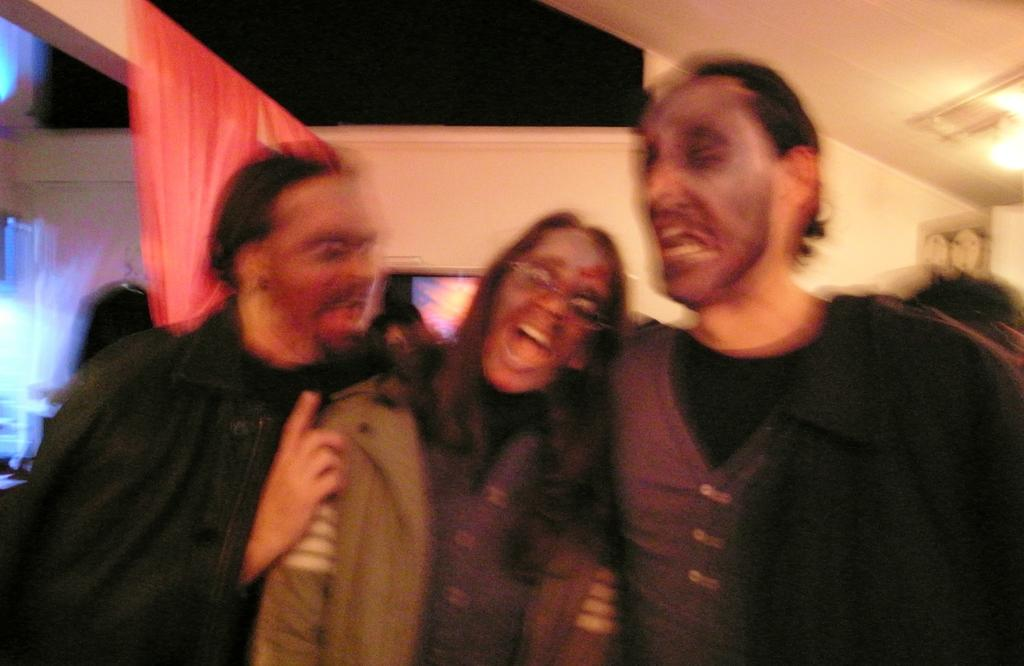What is happening in the image? There are persons standing in the image. Can you describe any objects or structures in the image? Yes, there is a cloth on a wooden plank on the left side of the image, and there is a light attached to the roof on the right side of the image. What type of nerve can be seen in the image? There is no nerve present in the image. How many errors can be found in the image? There are no errors in the image, as it accurately depicts the persons, cloth, wooden plank, and light. 
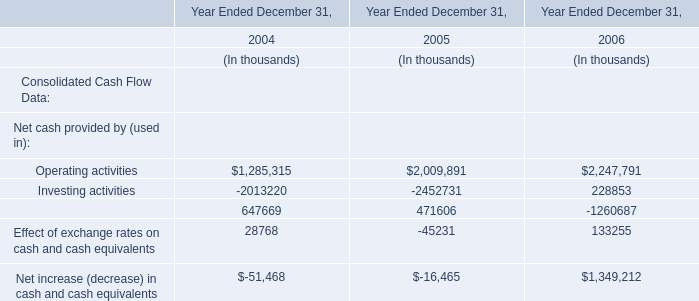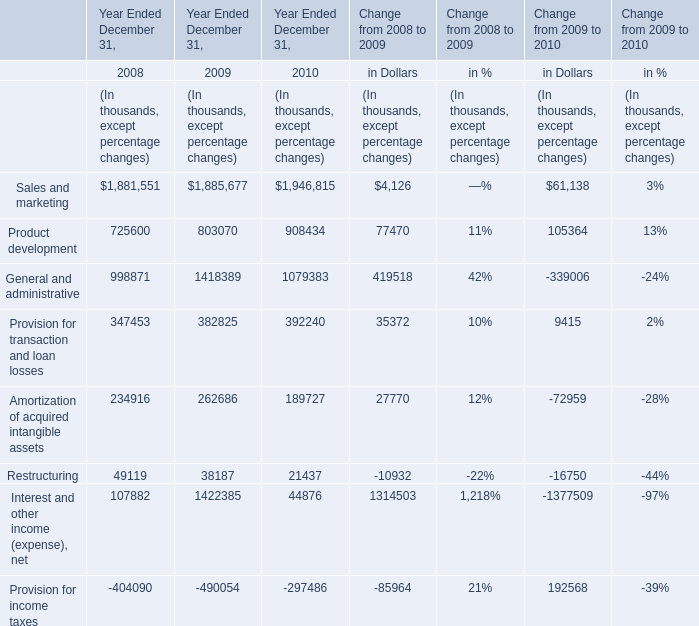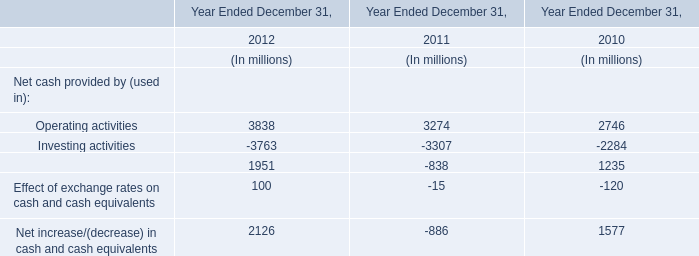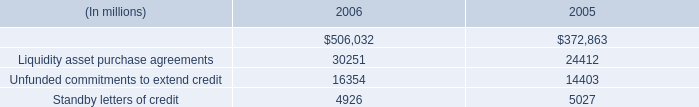What is the growing rate of Provision for transaction and loan losses in the year with the most Product development? 
Computations: ((392240 - 382825) / 382825)
Answer: 0.02459. What is the total value of Product development, General and administrative, Provision for transaction and loan losses and Amortization of acquired intangible assets in 2008? (in thousand) 
Computations: (((725600 + 998871) + 347453) + 234916)
Answer: 2306840.0. 
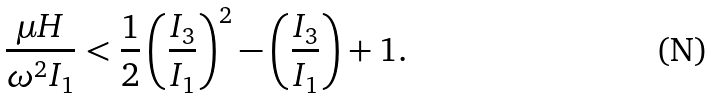<formula> <loc_0><loc_0><loc_500><loc_500>\frac { \mu H } { \omega ^ { 2 } I _ { 1 } } < \frac { 1 } { 2 } \left ( \frac { I _ { 3 } } { I _ { 1 } } \right ) ^ { 2 } - \left ( \frac { I _ { 3 } } { I _ { 1 } } \right ) + 1 .</formula> 
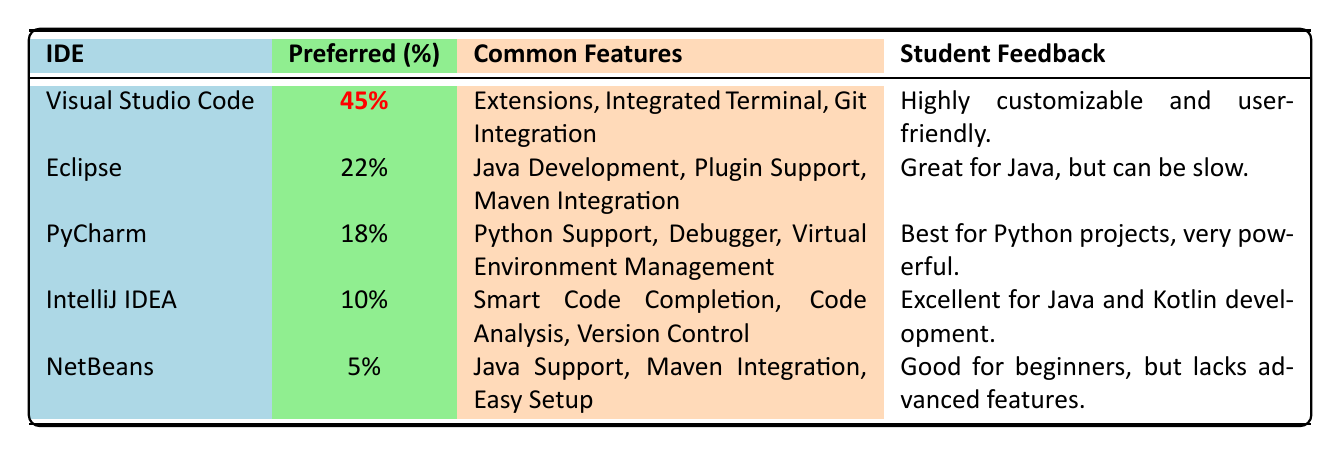What IDE is preferred by the highest percentage of students? The table shows the preferred percentage for each IDE. Visual Studio Code has a highlighted value of 45%, which is the highest among all listed IDEs.
Answer: Visual Studio Code How many percent of students prefer Eclipse? The table lists Eclipse with a preferred percentage of 22%. This value can be found directly in the corresponding row for Eclipse.
Answer: 22% What are the common features of PyCharm? According to the table, PyCharm has the common features of Python Support, Debugger, and Virtual Environment Management. This information is directly listed under the common features column for PyCharm.
Answer: Python Support, Debugger, Virtual Environment Management Which IDE has the least preferred percentage and what is it? The table indicates that NetBeans has the least preferred percentage, which is 5%. We can determine this by comparing the preferred percentages for all IDEs and identifying the lowest value.
Answer: NetBeans, 5% What is the difference in preferred percentage between Visual Studio Code and IntelliJ IDEA? The preferred percentage for Visual Studio Code is 45%, and for IntelliJ IDEA, it is 10%. The difference can be calculated as 45% - 10% = 35%.
Answer: 35% Are there more students who prefer PyCharm than IntelliJ IDEA? The preferred percentage for PyCharm is 18%, while for IntelliJ IDEA it is 10%. Since 18% is greater than 10%, we conclude that more students prefer PyCharm.
Answer: Yes What is the total preferred percentage of all the IDEs listed in the table? We sum the preferred percentages: 45% + 22% + 18% + 10% + 5% = 100%. By adding together all the percentages, we find that they total 100%.
Answer: 100% Considering the student feedback, which IDE is highlighted as being user-friendly? The feedback for Visual Studio Code states it is "Highly customizable and user-friendly," while no other IDE feedback directly mentions user-friendliness. Therefore, it is the only one highlighted in that regard.
Answer: Visual Studio Code How does the preference for Eclipse compare to the combined preference of NetBeans and IntelliJ IDEA? Comparing Eclipse's preference of 22% with the combined preference of NetBeans (5%) and IntelliJ IDEA (10%) gives us a total of 15%. Since 22% (Eclipse) is greater than 15% (NetBeans + IntelliJ IDEA), we conclude that Eclipse is preferred more.
Answer: Eclipse is preferred more What percentage of students prefer IDEs that support Java programming? Eclipse (22%), IntelliJ IDEA (10%), and NetBeans (5%) all support Java programming. We sum these percentages: 22% + 10% + 5% = 37%. This total percentage reflects those who prefer Java-supporting IDEs.
Answer: 37% 
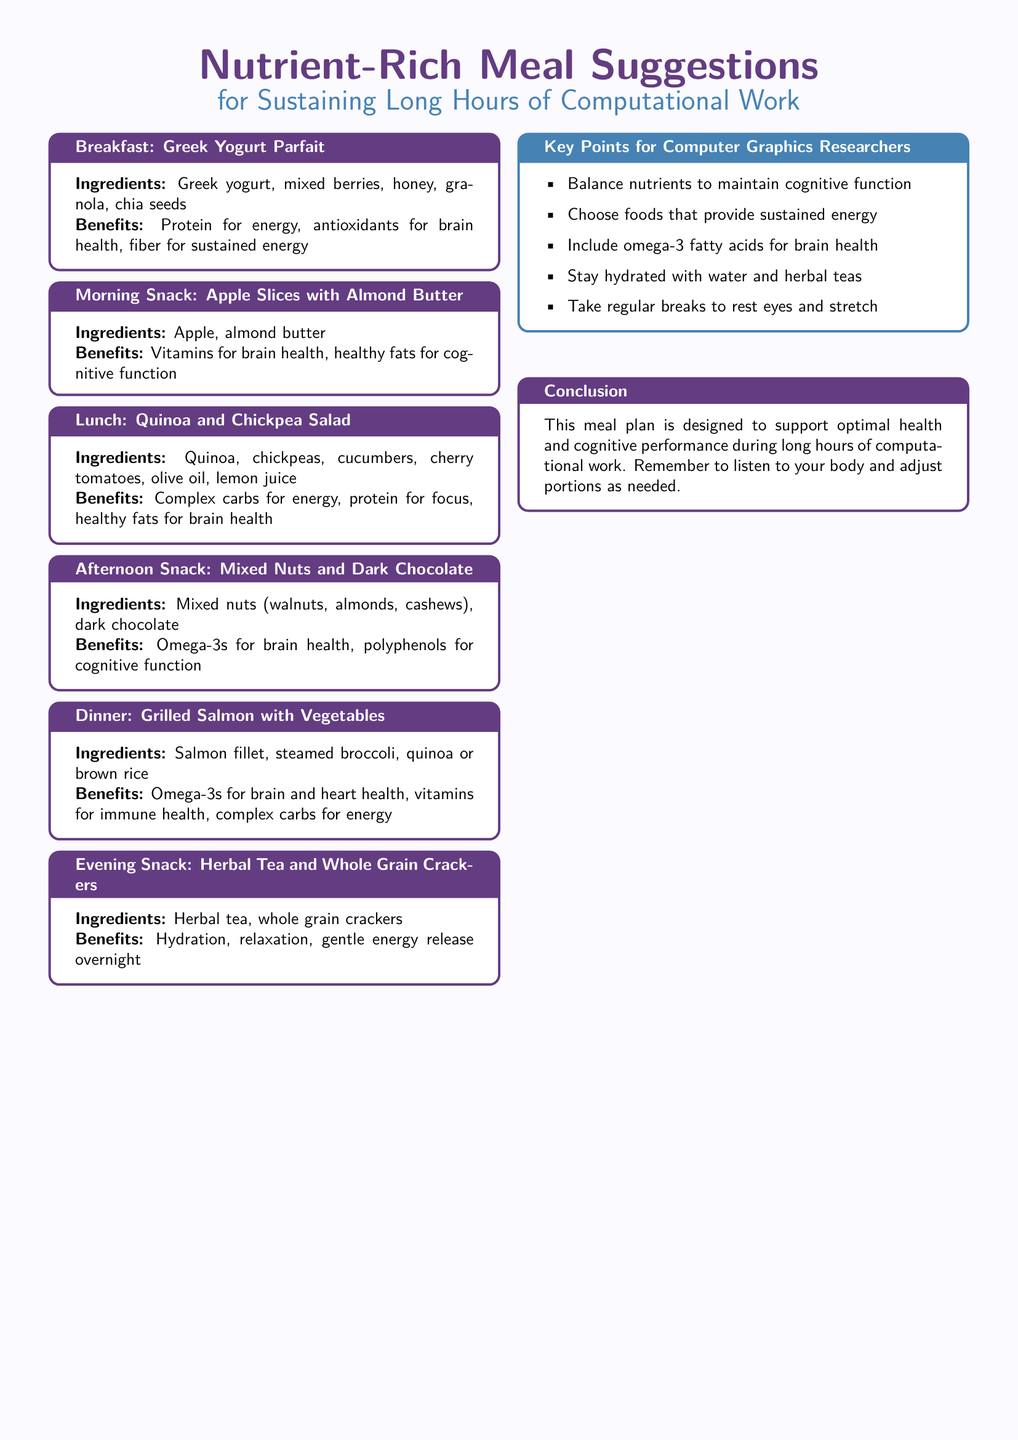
--
▶ **EXERCISE AIM**:
Across all the entries, how many lines include "than"? Answer with the number alone.

▶ **RESPONSE TO THE TASK**:
2